Whether or not Grandma Millie was actually Jewish, she flew across the country at the age of 88 to attend my Bat Mitzvah. It was then that I learned that not only could she make a mean fruit dumpling, but she could tear up the dance floor, too.

Czech Fruit Dumplings aka Knedliky

1 pound (2 cups) creamy cottage cheese
4 tablespoons sugar
2 teaspoons salt
1/4 cup Farina or Cream of Wheat cereal
4 tablespoons soft butter or margarine
2 eggs, beaten
2 1/2 cups flour
About 2 dozen ripe whole prunes, plums or apricots or 12 medium peaches or nectarines

Chef’s note: The amount of fruit will depend greatly on the size of the peaches, nectarines and plums. I used unusually large peaches and plums, and the recipe yielded 8 (very large) dumplings.

1) Wash fruit well, checking for stems, and dry carefully. In a large bowl, mix the cottage cheese, sugar, salt and uncooked Farina (or cream of wheat).

2) Add the softened butter and beaten eggs and mix thoroughly. Gradually add flour to form a dough that can be worked around the fruit.

3) Tear away a piece of dough and roll it in the palms of your hands to form a ball.
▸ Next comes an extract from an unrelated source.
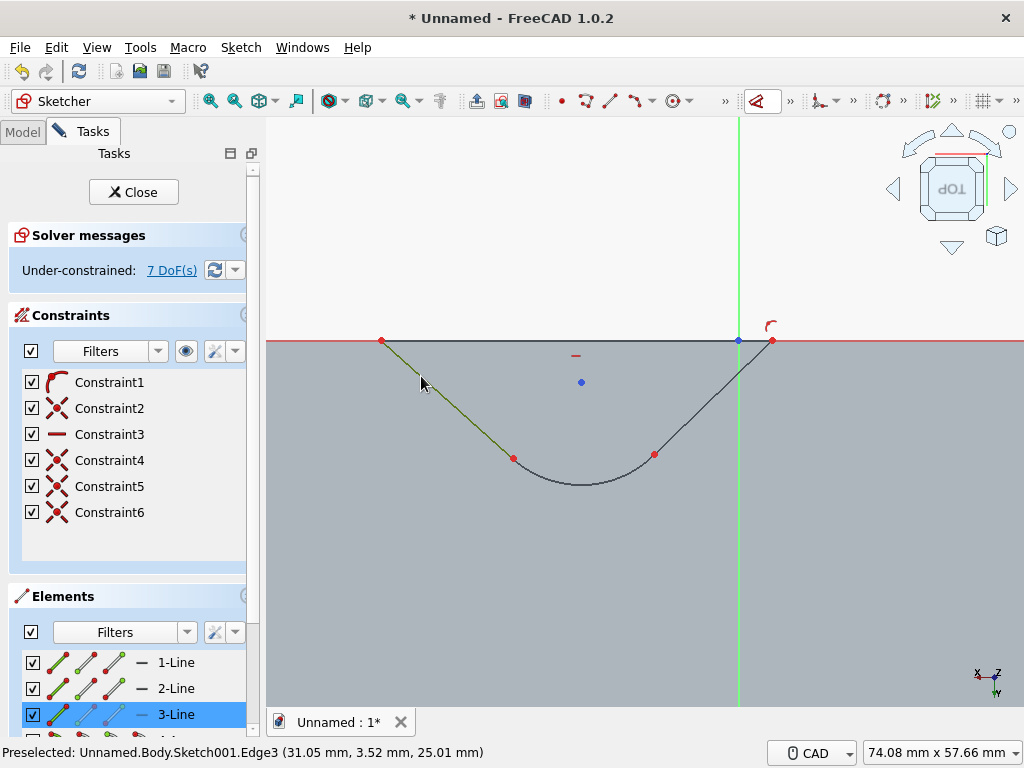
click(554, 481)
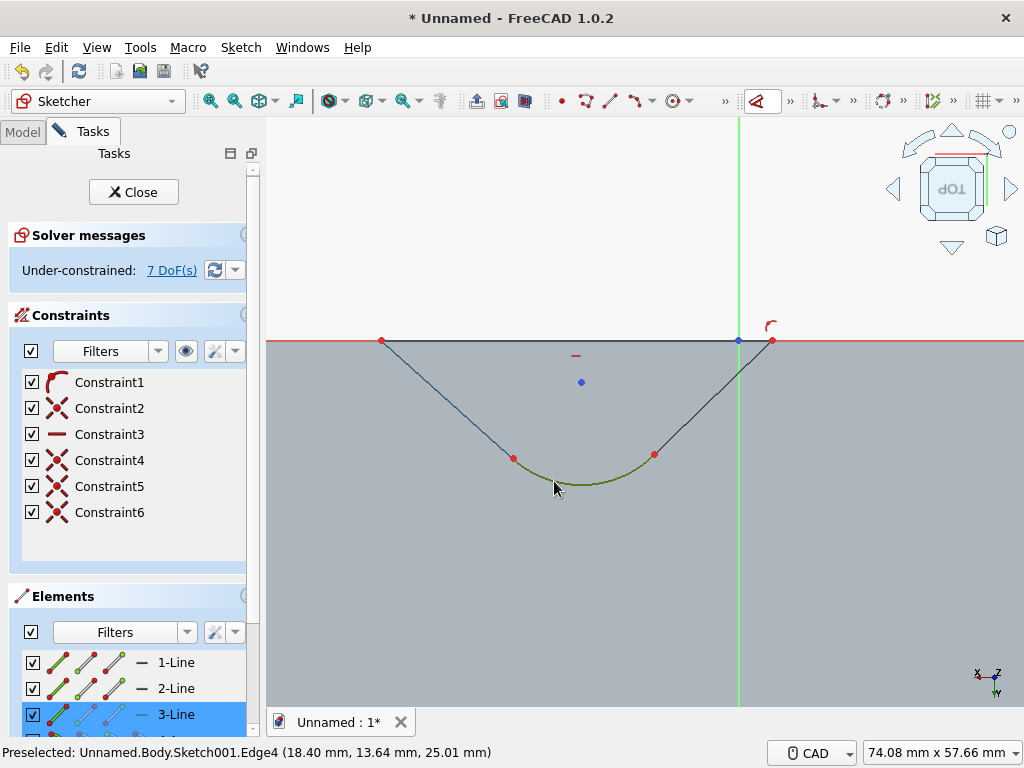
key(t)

The dough will be quite sticky, so keep your hands coated in flour throughout the process. It also helps to keep a thin layer of flour on the surface you’re working on.
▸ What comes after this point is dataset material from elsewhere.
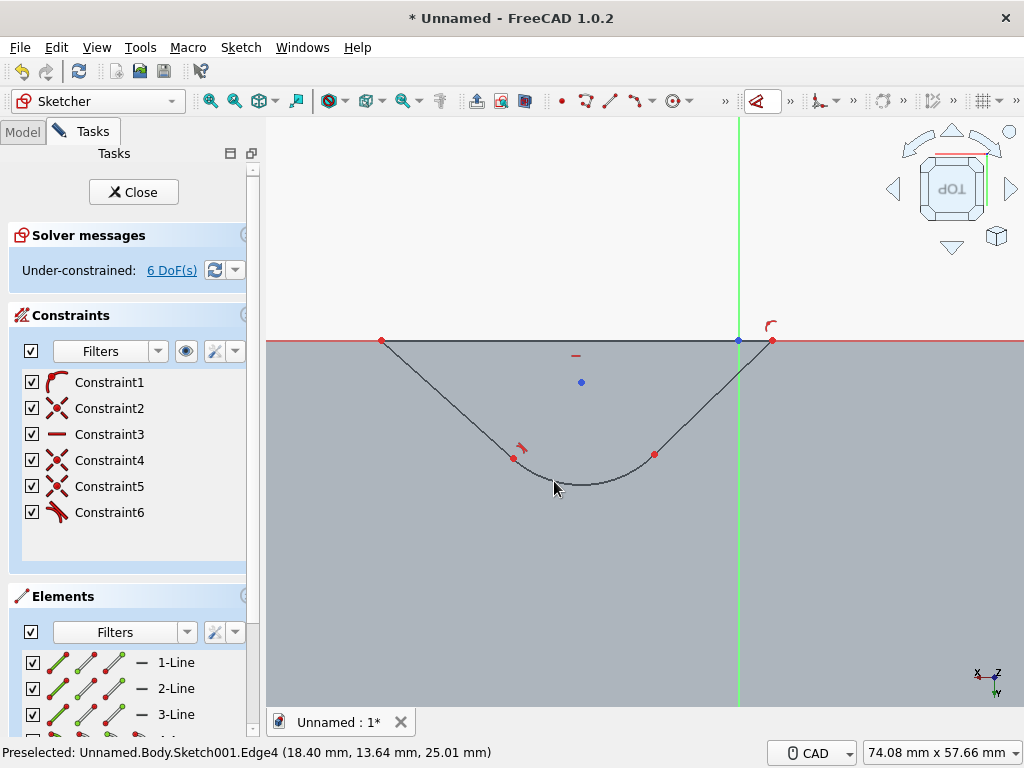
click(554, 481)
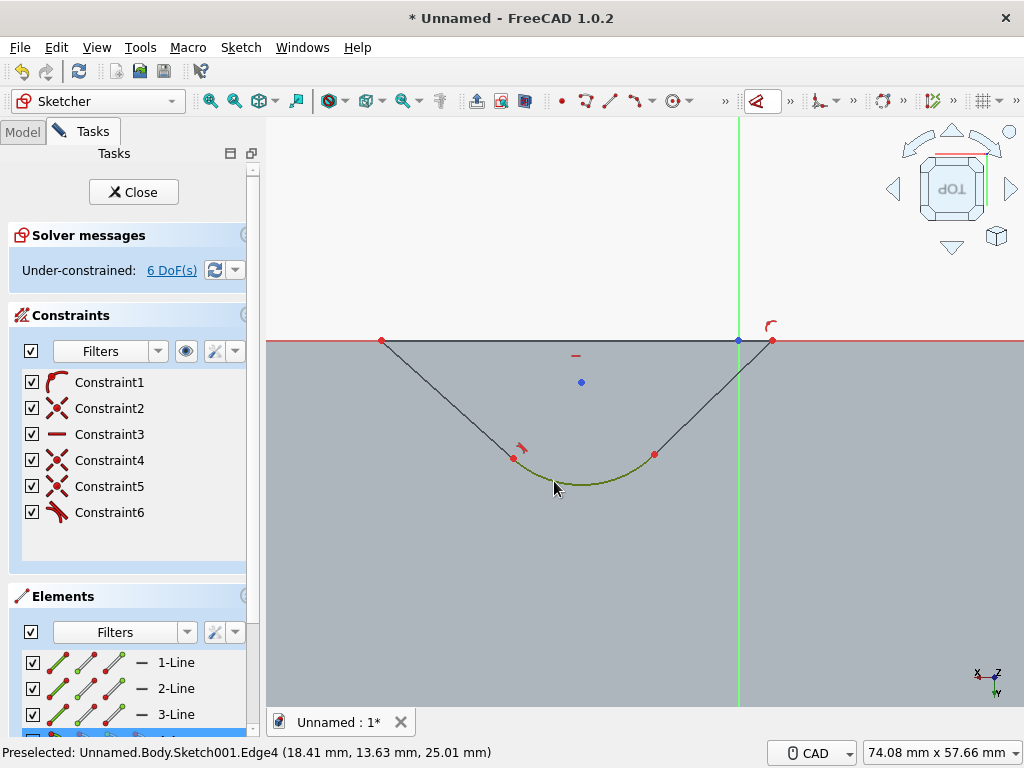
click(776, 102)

4) Pat dough flat to about 1/4 to 3/8 inch thick and large enough to wrap around a piece of fruit. Place fruit in the center of dough and bring dough together, pinching and sealing edges well to avoid any open seams, holes or thin spots.

5) When you have about 6 to 8 fruit dumplings ready, place dumplings into a large pot of boiling water. Lower gently with a slotted spoon, making sure they aren’t crowded. Boil gently for at least 20 minutes, longer depending on size of fruit. Stir occasionally to avoid sticking to bottom of pan. Gradually, dumplings will rise and swell in size.

6) Remove dumplings with slotted spoon, and add remainder of prepared dumplings into boiling water. (More water may have to be added to cover dumplings).

7) Serve dumplings warm, spread with melted butter and sprinkled with cinnamon sugar Cottage cheese or crème fraiche on the side make a nice accompaniment.